Return exactly the lines of the records below, starting at the line that contains "Image width covers 83.8°." and ending at the line that contains "Generate a 3D", with both of those lines kept.

*Records shown*.

=== Section Start ===

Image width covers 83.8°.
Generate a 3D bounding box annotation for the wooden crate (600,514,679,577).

=== Section End ===
=== Section Start ===

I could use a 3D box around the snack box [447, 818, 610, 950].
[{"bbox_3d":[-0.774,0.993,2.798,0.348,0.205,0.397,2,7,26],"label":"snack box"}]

=== Section End ===

*Response to the task*.
Image width covers 83.8°.
Generate a 3D bounding box annotation for the wooden crate (600,514,679,577).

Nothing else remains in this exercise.